-- Opening Marker --
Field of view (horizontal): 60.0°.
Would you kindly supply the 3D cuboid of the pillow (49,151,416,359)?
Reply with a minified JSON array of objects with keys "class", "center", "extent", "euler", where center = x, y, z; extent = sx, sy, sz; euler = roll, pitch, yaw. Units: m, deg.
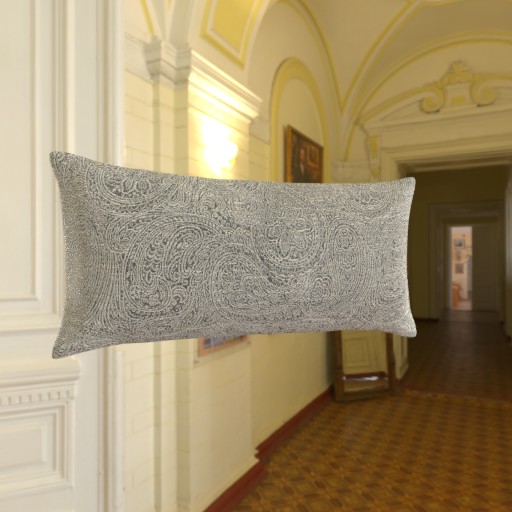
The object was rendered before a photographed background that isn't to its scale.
[{"class":"pillow","center":[0.000,0.000,0.722],"extent":[0.615,0.295,0.151],"euler":[0,-1,-18]}]
-- Closing Marker --
REQUIRED ACTION: From the line with "The object was" to the final line of the entries above, return every line exactly as written.

TASK RESPONSE:
The object was rendered before a photographed background that isn't to its scale.
[{"class":"pillow","center":[0.000,0.000,0.722],"extent":[0.615,0.295,0.151],"euler":[0,-1,-18]}]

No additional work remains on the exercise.